Un
re-Bond. Un rebond. Une matière qui rebondit. On l'a vu, Skyfall
reforme la famille Bond. Sans la mère. On se demande s'il ne réforme
pas au passage le célèbre agent. Avec cette mise en place d'un
nouveau M masculin, d'un nouveau Q, d'une nouvelle Moneypenny, avec
son Aston Martin, et un James Bond ressuscité, ou du moins
renaissant, Skyfall a tout du reboot.
Casino
Royal en était déjà un, introduisant un nouvel interprète,
Craig, mais donnant surtout à voir Bond gagner ses doubles zéro,
son permis de tuer. C'était il n'y a pas si longtemps. En 2006. Et
le voici qui échappe de justesse à la mise à la retraite. Si
jeune, si vieux - ce qui pourrait être le titre d'un prochain opus.
Le problème de Bond, c'est qu'elle tourne en boucle. Pas le
personnage. La série. Oh, quoiqu'on en dise, le personnage tient
bon, il a la forme. C'est l'autre forme qui pose question. Celle de
la narration de ses aventures. Elle voudrait se renouveler. Les
cinéastes qui la prennent au bond voudraient s'en libérer, s'en
affranchir. Mais c'est qu'elle est coriace, tenace. Extrêmement
codée. C'est que James Bond est un genre à lui tout seul. Un genre
codifié auquel on ne peut échapper, ni le cinéaste, ni le
personnage.
Quantum
of Solace avait essayé lorgnant du côté de Jason Bourne, qui
lui-même lorgnait du côté de James en mode davantage « actioner ».
Entre Big Jim et Ocedar dépoussiérant, Jason avait séduit. Mais ce
qui prenait avec Bourne, ne prend pas avec Bond. Et Quantum of
Solace fut boudé. Trop action, trop yamakasi. Peut-être,
simplement un méchant trop insipide ; car à tous les coups,
c'est le méchant qui fait la saveur d'un bon Bond. Skyffall
revient alors aux racines, il ramène Bond a ses origines, celles du
personnage, littéralement ; celles d'un « 007 picture »,
formellement ; il lui donne une nouvelle virginité.
Skyfall
n'est pas un reboot du personnage, comme l'était Casino Royal.

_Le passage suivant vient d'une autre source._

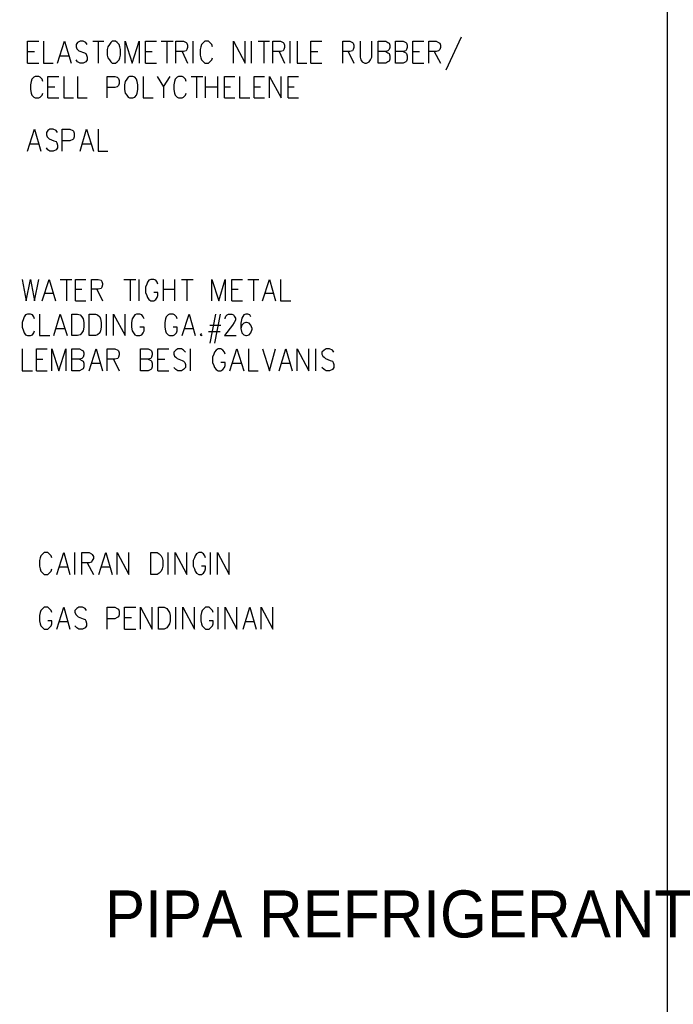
# Model space of a CAD drawing. Header units: millimetres. Extents: x 0 to 420, y 0 to 297.
# Tile 35 of 39: x 292 to 332, y 156 to 216. Entities that reach past the tile are written whole.
import ezdxf

# ---------------------------------------------------------------- set-up
doc = ezdxf.new("R2010")
doc.units = ezdxf.units.MM
doc.layers.add('LINE_000000', color=7, linetype='Continuous')
doc.layers.add('TEXT', color=7, linetype='Continuous')

msp = doc.modelspace()

# ---------------------------------------------------------------- linework, layer by layer
at = {"layer": 'LINE_000000', "lineweight": 25}
for p, q in [((296.037, 214.926), (296.714, 214.926)), ((296.376, 214.926), (296.376, 213.572)), ((300.228, 214.926), (300.948, 214.926)), ((300.567, 214.926), (300.567, 213.572)), ((302.175, 213.572), (302.175, 214.926)), ((305.731, 213.572), (305.731, 214.926)), ((306.155, 214.926), (306.832, 214.926)), ((306.493, 214.926), (306.493, 213.572)), ((308.102, 213.572), (308.102, 214.926)), ((318.558, 215.18), (317.627, 213.148)), ((292.058, 214.291), (292.481, 214.291)), ((299.254, 214.291), (299.678, 214.291)), ((301.498, 214.291), (301.837, 213.572)), ((307.425, 214.291), (307.763, 213.572)), ((309.372, 214.291), (309.795, 214.291)), ((311.658, 214.291), (311.997, 213.572)), ((315.595, 214.291), (316.018, 214.291)), ((316.907, 214.291), (317.288, 213.572)), ((294.047, 214.037), (294.555, 214.037)), ((292.058, 213.572), (292.735, 213.572)), ((299.254, 213.572), (299.932, 213.572)), ((309.372, 213.572), (310.049, 213.572)), ((315.595, 213.572), (316.272, 213.572)), ((302.048, 212.767), (302.768, 212.767)), ((302.387, 212.767), (302.387, 211.455)), ((302.937, 211.455), (302.937, 212.767)), ((303.657, 212.767), (303.657, 211.455)), ((293.285, 212.132), (293.709, 212.132)), ((300.355, 212.132), (300.355, 211.455)), ((302.937, 212.132), (303.657, 212.132)), ((304.08, 212.132), (304.461, 212.132)), ((305.901, 212.132), (306.282, 212.132)), ((307.975, 212.132), (308.356, 212.132)), ((293.285, 211.455), (293.963, 211.455)), ((304.08, 211.455), (304.715, 211.455)), ((305.901, 211.455), (306.536, 211.455)), ((307.975, 211.455), (308.61, 211.455)), ((292.227, 208.661), (292.735, 208.661)), ((295.402, 208.661), (295.91, 208.661)), ((294.047, 200.364), (294.767, 200.364)), ((294.428, 200.364), (294.428, 199.051)), ((297.942, 200.364), (298.662, 200.364)), ((298.323, 200.364), (298.323, 199.051)), ((298.873, 199.051), (298.873, 200.364)), ((300.355, 199.051), (300.355, 200.364)), ((301.032, 200.364), (301.032, 199.051)), ((301.456, 200.364), (302.175, 200.364)), ((301.794, 200.364), (301.794, 199.051)), ((305.52, 200.364), (306.197, 200.364)), ((305.858, 200.364), (305.858, 199.051)), ((293.116, 199.517), (293.624, 199.517)), ((294.979, 199.771), (295.36, 199.771)), ((296.291, 199.771), (296.63, 199.051)), ((300.355, 199.771), (301.032, 199.771)), ((304.546, 199.771), (304.927, 199.771)), ((306.578, 199.517), (307.086, 199.517)), ((294.979, 199.051), (295.614, 199.051)), ((304.546, 199.051), (305.181, 199.051)), ((296.884, 196.935), (296.884, 198.247)), ((303.53, 198.247), (303.191, 196.469)), ((303.826, 198.247), (303.488, 196.469)), ((303.191, 197.57), (303.869, 197.57)), ((293.793, 197.358), (294.301, 197.358)), ((301.667, 197.358), (302.175, 197.358)), ((303.107, 197.189), (303.826, 197.189)), ((302.006, 194.776), (302.006, 196.13)), ((309.668, 194.776), (309.668, 196.13)), ((292.608, 195.495), (292.989, 195.495)), ((295.995, 195.241), (296.503, 195.241)), ((297.307, 195.495), (297.646, 194.776)), ((300.016, 195.495), (300.44, 195.495)), ((304.588, 195.241), (305.096, 195.241)), ((307.594, 195.241), (308.102, 195.241)), ((292.608, 194.776), (293.243, 194.776)), ((300.016, 194.776), (300.694, 194.776)), ((294.936, 182.33), (294.936, 183.684)), ((300.651, 182.33), (300.651, 183.684)), ((303.234, 182.33), (303.234, 183.684)), ((295.698, 183.049), (296.079, 182.33)), ((294.005, 182.795), (294.513, 182.795)), ((296.587, 182.795), (297.095, 182.795)), ((301.117, 178.985), (301.117, 180.34)), ((303.699, 178.985), (303.699, 180.34)), ((294.005, 179.451), (294.513, 179.451)), ((297.984, 179.705), (298.408, 179.705)), ((305.393, 179.451), (305.901, 179.451)), ((297.984, 178.985), (298.662, 178.985))]:
    msp.add_line(p, q, dxfattribs=at)
for points in [[(48.006, 264.414), (48.006, 34.417), (331.174, 34.417), (331.174, 264.414), (48.006, 264.414)], [(48.006, 264.414), (48.006, 34.417), (331.174, 34.417), (331.174, 264.414), (48.006, 264.414)], [(297.222, 214.926), (297.138, 214.842), (297.053, 214.715), (296.968, 214.588), (296.926, 214.418), (296.926, 214.08), (296.968, 213.91), (297.053, 213.783), (297.138, 213.656), (297.222, 213.572), (297.434, 213.572), (297.519, 213.656), (297.646, 213.783), (297.688, 213.91), (297.73, 214.08), (297.73, 214.418), (297.688, 214.588), (297.646, 214.715), (297.519, 214.842), (297.434, 214.926), (297.222, 214.926)], [(298.281, 212.767), (298.196, 212.725), (298.111, 212.598), (298.027, 212.471), (297.984, 212.259), (297.984, 211.963), (298.027, 211.751), (298.111, 211.624), (298.196, 211.497), (298.281, 211.455), (298.492, 211.455), (298.619, 211.497), (298.704, 211.624), (298.746, 211.751), (298.789, 211.963), (298.789, 212.259), (298.746, 212.471), (298.704, 212.598), (298.619, 212.725), (298.492, 212.767), (298.281, 212.767)], [(294.767, 196.935), (294.767, 198.247), (295.106, 198.247), (295.275, 198.205), (295.36, 198.078), (295.444, 197.951), (295.487, 197.739), (295.487, 197.443), (295.444, 197.231), (295.36, 197.104), (295.275, 196.977), (295.106, 196.935), (294.767, 196.935)], [(295.825, 196.935), (295.825, 198.247), (296.206, 198.247), (296.333, 198.205), (296.46, 198.078), (296.503, 197.951), (296.545, 197.739), (296.545, 197.443), (296.503, 197.231), (296.46, 197.104), (296.333, 196.977), (296.206, 196.935), (295.825, 196.935)], [(299.593, 182.33), (299.593, 183.684), (299.974, 183.684), (300.101, 183.6), (300.228, 183.473), (300.27, 183.346), (300.313, 183.176), (300.313, 182.838), (300.27, 182.668), (300.228, 182.541), (300.101, 182.414), (299.974, 182.33), (299.593, 182.33)], [(300.059, 178.985), (300.059, 180.34), (300.397, 180.34), (300.567, 180.255), (300.651, 180.128), (300.736, 180.001), (300.778, 179.832), (300.778, 179.493), (300.736, 179.324), (300.651, 179.197), (300.567, 179.07), (300.397, 178.985), (300.059, 178.985)]]:
    msp.add_lwpolyline(points, close=True, dxfattribs=at)
for points in [[(292.058, 213.572), (292.058, 214.926), (292.735, 214.926)], [(293.031, 214.926), (293.031, 213.572), (293.624, 213.572)], [(293.878, 213.572), (294.301, 214.926), (294.725, 213.572)], [(295.698, 214.715), (295.614, 214.842), (295.444, 214.926), (295.275, 214.926), (295.106, 214.842), (295.021, 214.715), (295.021, 214.588), (295.063, 214.461), (295.106, 214.418), (295.19, 214.334), (295.529, 214.207), (295.614, 214.164), (295.656, 214.08), (295.698, 213.953), (295.698, 213.783), (295.614, 213.656), (295.444, 213.572), (295.275, 213.572), (295.106, 213.656), (295.021, 213.783)], [(298.027, 213.572), (298.027, 214.926), (298.45, 213.572), (298.873, 214.926), (298.873, 213.572)], [(299.254, 213.572), (299.254, 214.926), (299.932, 214.926)], [(301.117, 213.572), (301.117, 214.926), (301.583, 214.926), (301.752, 214.842), (301.794, 214.799), (301.837, 214.672), (301.837, 214.545), (301.794, 214.418), (301.752, 214.334), (301.583, 214.291), (301.117, 214.291)], [(303.361, 214.588), (303.318, 214.715), (303.191, 214.842), (303.107, 214.926), (302.895, 214.926), (302.81, 214.842), (302.683, 214.715), (302.641, 214.588), (302.599, 214.418), (302.599, 214.08), (302.641, 213.91), (302.683, 213.783), (302.81, 213.656), (302.895, 213.572), (303.107, 213.572), (303.191, 213.656), (303.318, 213.783), (303.361, 213.91)], [(304.631, 213.572), (304.631, 214.926), (305.35, 213.572), (305.35, 214.926)], [(307.044, 213.572), (307.044, 214.926), (307.509, 214.926), (307.679, 214.842), (307.721, 214.799), (307.763, 214.672), (307.763, 214.545), (307.721, 214.418), (307.679, 214.334), (307.509, 214.291), (307.044, 214.291)], [(308.525, 214.926), (308.525, 213.572), (309.118, 213.572)], [(309.372, 213.572), (309.372, 214.926), (310.049, 214.926)], [(311.319, 213.572), (311.319, 214.926), (311.743, 214.926), (311.912, 214.842), (311.954, 214.799), (311.997, 214.672), (311.997, 214.545), (311.954, 214.418), (311.912, 214.334), (311.743, 214.291), (311.319, 214.291)], [(312.378, 214.926), (312.378, 213.953), (312.42, 213.783), (312.505, 213.656), (312.674, 213.572), (312.759, 213.572), (312.928, 213.656), (313.013, 213.783), (313.097, 213.953), (313.097, 214.926)], [(313.944, 214.291), (314.071, 214.207), (314.156, 214.164), (314.198, 214.037), (314.198, 213.826), (314.156, 213.699), (314.071, 213.656), (313.944, 213.572), (313.478, 213.572), (313.478, 214.926), (313.944, 214.926), (314.071, 214.842), (314.156, 214.799), (314.198, 214.672), (314.198, 214.545), (314.156, 214.418), (314.071, 214.334), (313.944, 214.291), (313.478, 214.291)], [(315.002, 214.291), (315.172, 214.207), (315.214, 214.164), (315.256, 214.037), (315.256, 213.826), (315.214, 213.699), (315.172, 213.656), (315.002, 213.572), (314.537, 213.572), (314.537, 214.926), (315.002, 214.926), (315.172, 214.842), (315.214, 214.799), (315.256, 214.672), (315.256, 214.545), (315.214, 214.418), (315.172, 214.334), (315.002, 214.291), (314.537, 214.291)], [(315.595, 213.572), (315.595, 214.926), (316.272, 214.926)], [(316.569, 213.572), (316.569, 214.926), (317.034, 214.926), (317.161, 214.842), (317.246, 214.799), (317.288, 214.672), (317.288, 214.545), (317.246, 214.418), (317.161, 214.334), (317.034, 214.291), (316.569, 214.291)], [(292.989, 212.471), (292.947, 212.598), (292.82, 212.725), (292.735, 212.767), (292.523, 212.767), (292.439, 212.725), (292.312, 212.598), (292.269, 212.471), (292.227, 212.259), (292.227, 211.963), (292.269, 211.751), (292.312, 211.624), (292.439, 211.497), (292.523, 211.455), (292.735, 211.455), (292.82, 211.497), (292.947, 211.624), (292.989, 211.751)], [(293.285, 211.455), (293.285, 212.767), (293.963, 212.767)], [(294.259, 212.767), (294.259, 211.455), (294.852, 211.455)], [(295.106, 212.767), (295.106, 211.455), (295.698, 211.455)], [(296.926, 211.455), (296.926, 212.767), (297.392, 212.767), (297.519, 212.725), (297.603, 212.64), (297.646, 212.513), (297.646, 212.344), (297.603, 212.217), (297.519, 212.132), (297.392, 212.09), (296.926, 212.09)], [(299.127, 212.767), (299.127, 211.455), (299.72, 211.455)], [(299.974, 212.767), (300.355, 212.132), (300.778, 212.767)], [(301.752, 212.471), (301.71, 212.598), (301.583, 212.725), (301.498, 212.767), (301.286, 212.767), (301.202, 212.725), (301.075, 212.598), (301.032, 212.471), (300.99, 212.259), (300.99, 211.963), (301.032, 211.751), (301.075, 211.624), (301.202, 211.497), (301.286, 211.455), (301.498, 211.455), (301.583, 211.497), (301.71, 211.624), (301.752, 211.751)], [(304.08, 211.455), (304.08, 212.767), (304.715, 212.767)], [(305.012, 212.767), (305.012, 211.455), (305.647, 211.455)], [(305.901, 211.455), (305.901, 212.767), (306.536, 212.767)], [(306.832, 211.455), (306.832, 212.767), (307.552, 211.455), (307.552, 212.767)], [(307.975, 211.455), (307.975, 212.767), (308.61, 212.767)], [(292.058, 208.195), (292.481, 209.55), (292.862, 208.195)], [(293.878, 209.338), (293.793, 209.465), (293.624, 209.55), (293.412, 209.55), (293.285, 209.465), (293.201, 209.338), (293.201, 209.211), (293.243, 209.084), (293.285, 209.042), (293.37, 208.957), (293.666, 208.83), (293.793, 208.788), (293.836, 208.703), (293.878, 208.576), (293.878, 208.407), (293.793, 208.28), (293.624, 208.195), (293.412, 208.195), (293.285, 208.28), (293.201, 208.407)], [(294.174, 208.195), (294.174, 209.55), (294.64, 209.55), (294.809, 209.465), (294.852, 209.423), (294.894, 209.296), (294.894, 209.084), (294.852, 208.957), (294.809, 208.915), (294.64, 208.83), (294.174, 208.83)], [(295.275, 208.195), (295.656, 209.55), (296.079, 208.195)], [(296.376, 209.55), (296.376, 208.195), (296.968, 208.195)], [(291.719, 200.364), (291.973, 199.051), (292.227, 200.364), (292.481, 199.051), (292.735, 200.364)], [(292.947, 199.051), (293.37, 200.364), (293.751, 199.051)], [(294.979, 199.051), (294.979, 200.364), (295.614, 200.364)], [(295.952, 199.051), (295.952, 200.364), (296.376, 200.364), (296.545, 200.321), (296.587, 200.237), (296.63, 200.11), (296.63, 200.025), (296.587, 199.898), (296.545, 199.813), (296.376, 199.771), (295.952, 199.771)], [(300.016, 200.067), (299.974, 200.194), (299.889, 200.321), (299.762, 200.364), (299.593, 200.364), (299.466, 200.321), (299.381, 200.194), (299.339, 200.067), (299.254, 199.898), (299.254, 199.559), (299.339, 199.39), (299.381, 199.263), (299.466, 199.136), (299.593, 199.051), (299.762, 199.051), (299.889, 199.136), (299.974, 199.263), (300.016, 199.39), (300.016, 199.559), (299.762, 199.559)], [(303.318, 199.051), (303.318, 200.364), (303.742, 199.051), (304.123, 200.364), (304.123, 199.051)], [(304.546, 199.051), (304.546, 200.364), (305.181, 200.364)], [(306.409, 199.051), (306.832, 200.364), (307.213, 199.051)], [(307.509, 200.364), (307.509, 199.051), (308.144, 199.051)], [(292.481, 197.951), (292.439, 198.078), (292.354, 198.205), (292.227, 198.247), (292.058, 198.247), (291.931, 198.205), (291.846, 198.078), (291.804, 197.951), (291.719, 197.739), (291.719, 197.443), (291.804, 197.231), (291.846, 197.104), (291.931, 196.977), (292.058, 196.935), (292.227, 196.935), (292.354, 196.977), (292.439, 197.104), (292.481, 197.231)], [(292.777, 198.247), (292.777, 196.935), (293.412, 196.935)], [(293.666, 196.935), (294.047, 198.247), (294.471, 196.935)], [(297.307, 196.935), (297.307, 198.247), (298.027, 196.935), (298.027, 198.247)], [(299.17, 197.951), (299.127, 198.078), (299.043, 198.205), (298.916, 198.247), (298.704, 198.247), (298.619, 198.205), (298.535, 198.078), (298.45, 197.951), (298.408, 197.739), (298.408, 197.443), (298.45, 197.231), (298.535, 197.104), (298.619, 196.977), (298.704, 196.935), (298.916, 196.935), (299.043, 196.977), (299.127, 197.104), (299.17, 197.231), (299.17, 197.443), (298.916, 197.443)], [(301.202, 197.951), (301.159, 198.078), (301.032, 198.205), (300.948, 198.247), (300.736, 198.247), (300.651, 198.205), (300.524, 198.078), (300.482, 197.951), (300.44, 197.739), (300.44, 197.443), (300.482, 197.231), (300.524, 197.104), (300.651, 196.977), (300.736, 196.935), (300.948, 196.935), (301.032, 196.977), (301.159, 197.104), (301.202, 197.231), (301.202, 197.443), (300.948, 197.443)], [(301.498, 196.935), (301.921, 198.247), (302.302, 196.935)], [(304.123, 197.951), (304.123, 197.993), (304.165, 198.12), (304.25, 198.205), (304.334, 198.247), (304.546, 198.247), (304.631, 198.205), (304.673, 198.12), (304.758, 197.993), (304.758, 197.866), (304.673, 197.739), (304.588, 197.57), (304.08, 196.935), (304.8, 196.935)], [(305.689, 198.078), (305.647, 198.205), (305.52, 198.247), (305.393, 198.247), (305.266, 198.205), (305.139, 197.993), (305.096, 197.697), (305.096, 197.358), (305.139, 197.104), (305.266, 196.977), (305.393, 196.935), (305.435, 196.935), (305.604, 196.977), (305.689, 197.104), (305.774, 197.316), (305.774, 197.358), (305.689, 197.57), (305.604, 197.697), (305.435, 197.739), (305.393, 197.739), (305.266, 197.697), (305.139, 197.57), (305.096, 197.358)], [(302.683, 197.062), (302.599, 196.977), (302.683, 196.935), (302.726, 196.977)], [(291.719, 196.13), (291.719, 194.776), (292.354, 194.776)], [(292.608, 194.776), (292.608, 196.13), (293.243, 196.13)], [(293.539, 194.776), (293.539, 196.13), (293.963, 194.776), (294.386, 196.13), (294.386, 194.776)], [(295.233, 195.495), (295.36, 195.411), (295.444, 195.368), (295.487, 195.241), (295.487, 195.03), (295.444, 194.903), (295.36, 194.86), (295.233, 194.776), (294.767, 194.776), (294.767, 196.13), (295.233, 196.13), (295.36, 196.046), (295.444, 196.003), (295.487, 195.876), (295.487, 195.749), (295.444, 195.622), (295.36, 195.538), (295.233, 195.495), (294.767, 195.495)], [(295.825, 194.776), (296.249, 196.13), (296.63, 194.776)], [(296.926, 194.776), (296.926, 196.13), (297.392, 196.13), (297.561, 196.046), (297.603, 196.003), (297.646, 195.876), (297.646, 195.749), (297.603, 195.622), (297.561, 195.538), (297.392, 195.495), (296.926, 195.495)], [(299.424, 195.495), (299.593, 195.411), (299.635, 195.368), (299.678, 195.241), (299.678, 195.03), (299.635, 194.903), (299.593, 194.86), (299.424, 194.776), (298.958, 194.776), (298.958, 196.13), (299.424, 196.13), (299.593, 196.046), (299.635, 196.003), (299.678, 195.876), (299.678, 195.749), (299.635, 195.622), (299.593, 195.538), (299.424, 195.495), (298.958, 195.495)], [(300.016, 194.776), (300.016, 196.13), (300.694, 196.13)], [(301.71, 195.919), (301.583, 196.046), (301.456, 196.13), (301.244, 196.13), (301.117, 196.046), (300.99, 195.919), (300.99, 195.792), (301.032, 195.665), (301.117, 195.622), (301.202, 195.538), (301.498, 195.411), (301.583, 195.368), (301.667, 195.284), (301.71, 195.157), (301.71, 194.987), (301.583, 194.86), (301.456, 194.776), (301.244, 194.776), (301.117, 194.86), (300.99, 194.987)], [(304.123, 195.792), (304.08, 195.919), (303.996, 196.046), (303.869, 196.13), (303.699, 196.13), (303.572, 196.046), (303.488, 195.919), (303.445, 195.792), (303.361, 195.622), (303.361, 195.284), (303.445, 195.114), (303.488, 194.987), (303.572, 194.86), (303.699, 194.776), (303.869, 194.776), (303.996, 194.86), (304.08, 194.987), (304.123, 195.114), (304.123, 195.284), (303.869, 195.284)], [(304.419, 194.776), (304.842, 196.13), (305.266, 194.776)], [(305.562, 196.13), (305.562, 194.776), (306.155, 194.776)], [(306.409, 196.13), (306.832, 194.776), (307.213, 196.13)], [(307.425, 194.776), (307.848, 196.13), (308.229, 194.776)], [(308.525, 194.776), (308.525, 196.13), (309.245, 194.776), (309.245, 196.13)], [(310.769, 195.919), (310.684, 196.046), (310.515, 196.13), (310.303, 196.13), (310.176, 196.046), (310.049, 195.919), (310.049, 195.792), (310.092, 195.665), (310.176, 195.622), (310.261, 195.538), (310.557, 195.411), (310.684, 195.368), (310.727, 195.284), (310.769, 195.157), (310.769, 194.987), (310.684, 194.86), (310.515, 194.776), (310.303, 194.776), (310.176, 194.86), (310.049, 194.987)], [(293.539, 183.346), (293.497, 183.473), (293.37, 183.6), (293.285, 183.684), (293.074, 183.684), (292.989, 183.6), (292.862, 183.473), (292.82, 183.346), (292.777, 183.176), (292.777, 182.838), (292.82, 182.668), (292.862, 182.541), (292.989, 182.414), (293.074, 182.33), (293.285, 182.33), (293.37, 182.414), (293.497, 182.541), (293.539, 182.668)], [(293.836, 182.33), (294.259, 183.684), (294.64, 182.33)], [(295.36, 182.33), (295.36, 183.684), (295.825, 183.684), (295.952, 183.6), (295.995, 183.557), (296.079, 183.43), (296.079, 183.303), (295.995, 183.176), (295.952, 183.092), (295.825, 183.049), (295.36, 183.049)], [(296.418, 182.33), (296.841, 183.684), (297.222, 182.33)], [(297.519, 182.33), (297.519, 183.684), (298.238, 182.33), (298.238, 183.684)], [(301.075, 182.33), (301.075, 183.684), (301.794, 182.33), (301.794, 183.684)], [(302.937, 183.346), (302.895, 183.473), (302.81, 183.6), (302.683, 183.684), (302.514, 183.684), (302.387, 183.6), (302.302, 183.473), (302.26, 183.346), (302.175, 183.176), (302.175, 182.838), (302.26, 182.668), (302.302, 182.541), (302.387, 182.414), (302.514, 182.33), (302.683, 182.33), (302.81, 182.414), (302.895, 182.541), (302.937, 182.668), (302.937, 182.838), (302.683, 182.838)], [(303.657, 182.33), (303.657, 183.684), (304.377, 182.33), (304.377, 183.684)], [(293.539, 180.001), (293.497, 180.128), (293.37, 180.255), (293.285, 180.34), (293.074, 180.34), (292.989, 180.255), (292.862, 180.128), (292.82, 180.001), (292.777, 179.832), (292.777, 179.493), (292.82, 179.324), (292.862, 179.197), (292.989, 179.07), (293.074, 178.985), (293.285, 178.985), (293.37, 179.07), (293.497, 179.197), (293.539, 179.324), (293.539, 179.493), (293.285, 179.493)], [(293.836, 178.985), (294.259, 180.34), (294.64, 178.985)], [(295.656, 180.128), (295.571, 180.255), (295.402, 180.34), (295.19, 180.34), (295.063, 180.255), (294.936, 180.128), (294.936, 180.001), (295.021, 179.874), (295.063, 179.832), (295.148, 179.747), (295.444, 179.62), (295.571, 179.578), (295.614, 179.493), (295.656, 179.366), (295.656, 179.197), (295.571, 179.07), (295.402, 178.985), (295.19, 178.985), (295.063, 179.07), (294.936, 179.197)], [(296.926, 178.985), (296.926, 180.34), (297.392, 180.34), (297.519, 180.255), (297.603, 180.213), (297.646, 180.086), (297.646, 179.874), (297.603, 179.747), (297.519, 179.705), (297.392, 179.62), (296.926, 179.62)], [(297.984, 178.985), (297.984, 180.34), (298.662, 180.34)], [(298.958, 178.985), (298.958, 180.34), (299.678, 178.985), (299.678, 180.34)], [(301.54, 178.985), (301.54, 180.34), (302.26, 178.985), (302.26, 180.34)], [(303.403, 180.001), (303.361, 180.128), (303.234, 180.255), (303.149, 180.34), (302.937, 180.34), (302.853, 180.255), (302.726, 180.128), (302.683, 180.001), (302.641, 179.832), (302.641, 179.493), (302.683, 179.324), (302.726, 179.197), (302.853, 179.07), (302.937, 178.985), (303.149, 178.985), (303.234, 179.07), (303.361, 179.197), (303.403, 179.324), (303.403, 179.493), (303.149, 179.493)], [(304.123, 178.985), (304.123, 180.34), (304.842, 178.985), (304.842, 180.34)], [(305.223, 178.985), (305.647, 180.34), (306.028, 178.985)], [(306.324, 178.985), (306.324, 180.34), (307.044, 178.985), (307.044, 180.34)]]:
    msp.add_lwpolyline(points, dxfattribs=at)

# ---------------------------------------------------------------- texts
at = {"layer": 'TEXT'}
msp.add_text(' PIPA REFRIGERANT', height=2.87582, dxfattribs=at).set_placement((295.698, 160.147))

doc.saveas('drawing.dxf')

Il est un reboot de la série. Skyfall est un reboot de
l'ancienne version. Une préparation plutôt à ce reboot. Un
pré-reboot en quelque sorte, nous laissant à la fin avec tous les
ingrédients originaux d'un Bond à l'ancienne, prêts à l'emploi.
Parce que Bond tourne en rond. Prisonnier de lui même et de son
univers. Prisonnier, comme la série britannique du même titre (Le
Prisonnier) qui voyait un espion enfermé dans un village cocon
duquel il essayait constamment de s'évader. - I'm not a number, I'm
a free man. - You are number 007.
Et
sous ses airs de renouveau, Skyfall prépare au retour en
arrière. Certes il n'y a pas de gadget et une réplique se charge de
le surligner, mais c'est parce que le prochain, j'en prends le pari,
en sera bourré. Parce qu'ôter ses gadgets à James Bond, c'est le
plonger dans le monde réel. Or, il ne connaît pas ce monde. James
Bond court après le vieux monde. Celui de la guerre froide. Ou
plutôt, celui de la coexistence pacifique. Et encore, en fuyait-il
déjà les enjeux, préférant s'inventer la menace fantaisiste d'un
Spectre qui n'avait rien de celui qui hantait alors l'Europe depuis
que Marx et Engels l'avaient nommé.
Pour
aller au bout de sa propre logique, Bond, donc, devrait retourner
dans les années 60. Le prochain James Bond devrait être une
reconstitution, un film historique. Mais un code incontournable du
genre l'en empêchera toujours : le placement de produit, sans
lequel James ne serait pas Bond, James Bond. Un VRP qui se doit de
sentir bon l'eau de Cologne de papy. Un VRP qui nous vend toujours de
l'ancien comme du neuf, toujours le même objet sous un packaging
modernisé. Un représentant de commerce dont on connaît par coeur
les produits et le discours, mais dont on n'accepterait pas de lui
qu'il en changeât.
On le sait, il n'y a rien de nouveau dans un
Bond, mais à chaque fois on veut le nouveau. Et on le veut jusqu'à
la dernière miette, comme les popcorns dont on ne se rassasie
jamais, même quand on gratte le fond du pot et que l'on fait chier
ses voisins de rangées. À part ça, ce n'est qu'un James Bond,
comme le Woody Allen annuel, pas de quoi se prendre la tête.